NOTE: the special characters * and ?
used in wildcards do not have the
same meanings as regular expressions!.
Some regular expressions match only a single string. For example, every
string which contains no special characters is a regular expression
which matches only a string identical to itself. Thus the regular
expression cfengine would match only the string "cfengine", not
"Cfengine" or "cfengin" etc. Other regular expressions could match more
general strings. For instance, the regular expression c* matches
any number of c's (including none). Thus this expression would match the
empty string, "c", "cccc", "ccccccccc", but not "cccx".

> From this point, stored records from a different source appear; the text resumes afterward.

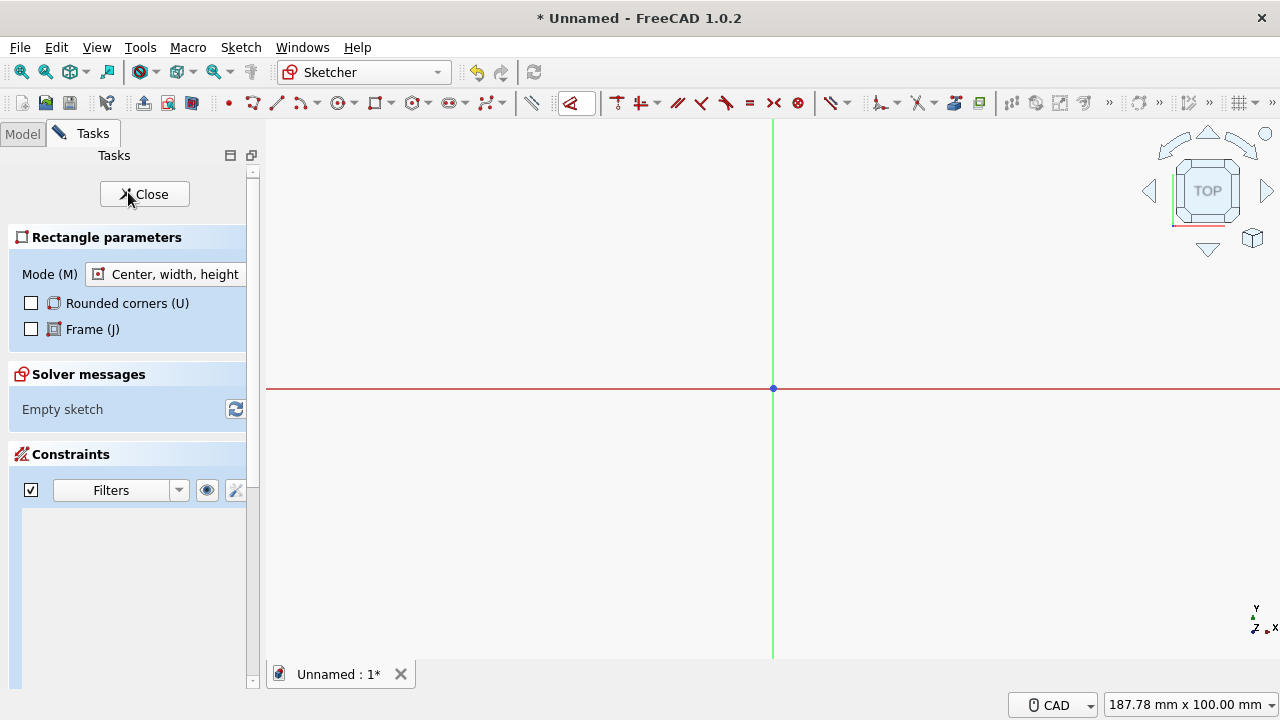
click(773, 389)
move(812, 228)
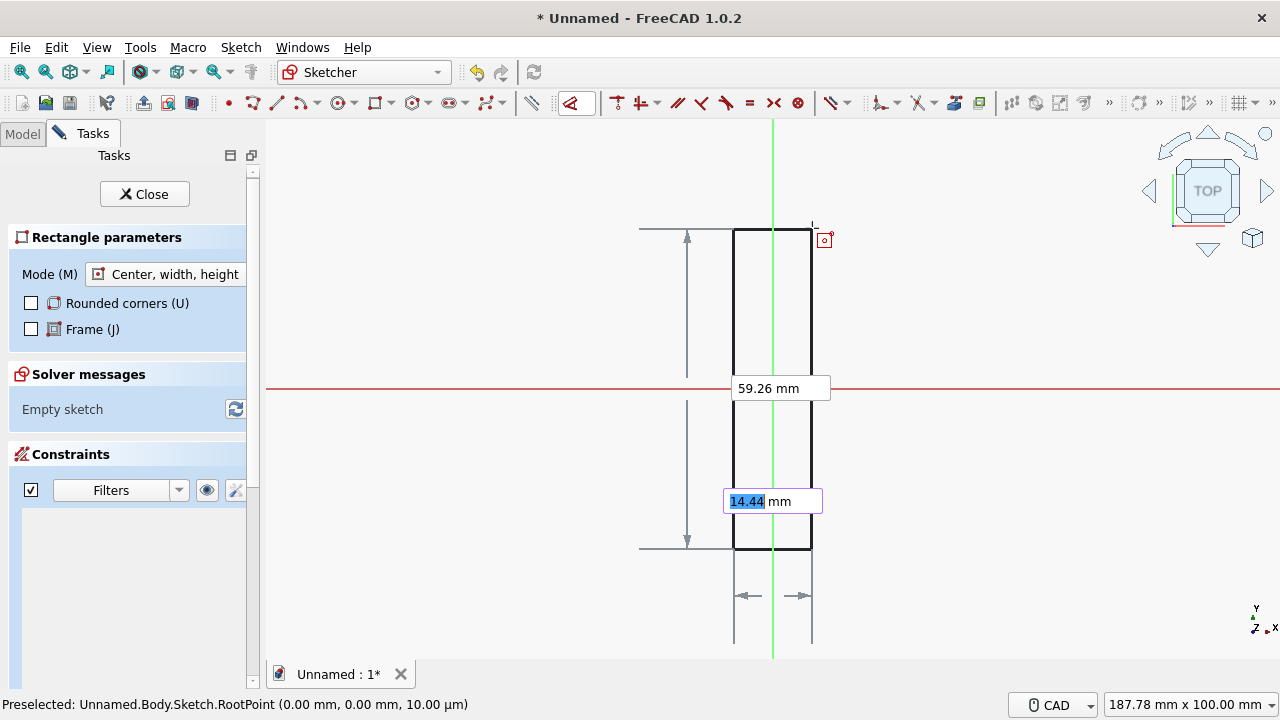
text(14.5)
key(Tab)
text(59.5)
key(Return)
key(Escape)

Here is a list of regular expression special characters and operators.
- \
- The backslash character normally has a special purpose: either to
introduce a special command, or to tell the expression interpreter that
the next character is not to be treated as a special character.
The backslash character stands for itself only when protected by square
brackets
[\]
or quoted with a backslash itself \\.
- \b
- Matches word boundary operator.
- \B
- Match within a word (operator).
- \<
- Match beginning of word.
- \>
- Match end of word.
- \w
- Match a character which can be part of a word.
- \W
- Match a character which cannot be part of a word.
- any character
- Matches itself.
- .
- Matches any character
- *
- Match zero or more instances of the previous object. e.g. c*.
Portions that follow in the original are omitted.